Si penetras en un registrador de la propiedad ves después la realidad como una inmensa finca de la que el catastro no tiene información censada. Como un agrimensor. Si te da por meterte en la cabeza de un obispo puedes no solo comprender la naturaleza misma de la fe en Dios sino que pasas directamente al selecto grupo de ciudadanos que confían enteramente en la salvación del alma y la vida en un mundo futuro, amén. El paroxismo turístico consiste en ir de cabeza en cabeza, libando aquí y allá como una alegre abejilla en un prado recién bendecido por la primavera. Yo mismo, por entender mejor de lo que se va escribiendo, probé ayer  penetrar en cabeza ajena y he de manifestar la desigual fortuna de esa travesía. Al principio me puse en lugar de un amigo al que acaba de dejar la mujer. No es lo mismo sentir empatía que convertirse en el otro completamente, pero no digan que no es un buen paso. Lo malo es que la empatía me condujo hacia la solidaridad completa, sin que yo pudiese frenar el avance inexorable de mis sentimientos, que empezaron siendo tiernos y moldeables, como los de un niño que todavía escucha a su madre y la respeta, y terminaron asalvajados, comidos de una fiebre y de una ira que no conocía y que me dieron auténtico miedo. Mi amigo, el abandonado, resulto ser un hijo de la gran puta, oh atento lector. Fascinado por la violencia recién instalada en mi alma, anduve una mañana entera por el centro de la ciudad, mirando con asco a las parejas que iban de la mano o insultando al viandante más a mano a poco que me obstruyera el paso en una acera o me robara la plaza de aparcamiento. Peor, en fin, hubiese sido perderse en la cabeza de un suicida y estar dentro en el momento en que abre la espita del gas.

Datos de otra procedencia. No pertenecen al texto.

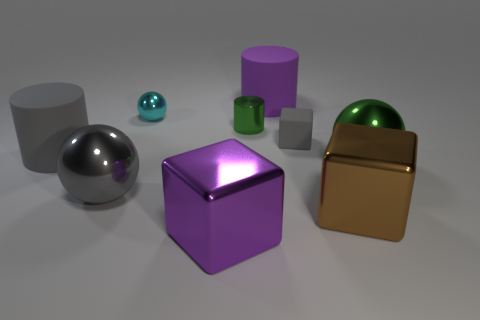Subtract all shiny cubes. How many cubes are left? 1 Subtract all gray cubes. How many cubes are left? 2 Subtract 1 cubes. How many cubes are left? 2 Subtract all blue cubes. Subtract all red spheres. How many cubes are left? 3 Subtract 1 gray spheres. How many objects are left? 8 Subtract all cubes. How many objects are left? 6 Subtract all rubber blocks. Subtract all large gray objects. How many objects are left? 6 Add 8 rubber cubes. How many rubber cubes are left? 9 Add 5 spheres. How many spheres exist? 8

Cansado de este comportamiento casi delictivo entré en una iglesia y me senté en un banco cerca del altar. Se me acercó el párroco y me entusiasmé con la idea de entrar en su cabeza y ver cómo libraba la batalla de las almas. Si la divinidad lo cernía en un abrazo o todo era un simulacro y no había allí nada etéreo ni catecúmeno. Dentro de un párroco de iglesia hay un vértigo de evangelios bullendo como un loco enjambre de metáforas. Asombra la generosidad con la que el vicario despacha los asuntos del espíritu y la intransigencia con la que gobierna los de la carne. Siendo yo criatura sensible a la voluntad de la carne, inclinado a no contradecir al instinto y creativo en materia lúbrica, abandoné el cautiverio espiritual del padre y volé a otro refugio en la creencia de que allí hallaría un pequeño respiro, un alto en el ajetreo reciente. Caí en la cuenta de que una cabeza ajena es un laberinto. Incluso la cabeza más pequeña, la de menor rango en el escalafón de las nobles e innobles cabezas del mundo, es un laberinto al que se le debe, al menos, un respeto. Algunos exigen peajes bien altos. Hay quien ha entrado en alguno y no ha vuelto a salir a pesar de desearlo y de saber incluso cómo hacerlo. Uno de los más terribles es el que poseen los políticos. Entrar en la cabeza de un político es un cáncer que te va atropellando y que te hunde sin pudor ni misericordia alguna.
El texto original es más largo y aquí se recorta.